Saturday, August 06, 2005

Should Fools Laugh or Cry?

Chicago Tribune explores "The modern face of nuns" This sister ain't your mother's nun, that's for sure:
Louise Bernier begins each day in quiet reflection in her Wheaton condominium, reading scripture in French. "There's kind of a nice surprise in language," she says, "that makes you stop and think about things."

She then heads to work at the DuPage County Circuit Court clerk's office, where she pores over new software applications, making sure everything works and the right case history information gets into the right hands.

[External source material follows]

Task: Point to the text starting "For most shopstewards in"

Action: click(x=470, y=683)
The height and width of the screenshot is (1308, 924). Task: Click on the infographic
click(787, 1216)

Around the courthouse, where she's worked for 30 years, she prefers to be known as "plain old Louise." But some still call her "sister," as in Sister Louise Bernier of the School Sisters of St. Francis.
Her religious Order seized the "Spirit of Vatican II" and decided to become "more in tune with the lives of laypeople." The result is many sisters in Sister Louis' order, the School Sisters of St. Francis, live lives apart from community and often inin the hustle and bustle of the secular world:
But the School Sisters and many others have more liberal notions now of how to serve. Among the School Sisters' 1,200 nuns worldwide is Catherine Ryan, a former Cook County assistant state's attorney who led the Juvenile Justice Bureau there before taking over Maryville Academy last year.

At the same time, many Catholic schools and hospitals have closed, shutting off some of the traditional jobs for nuns, said Pat Shevlin, associate director of development at the Catholic Theological Union and a former nun.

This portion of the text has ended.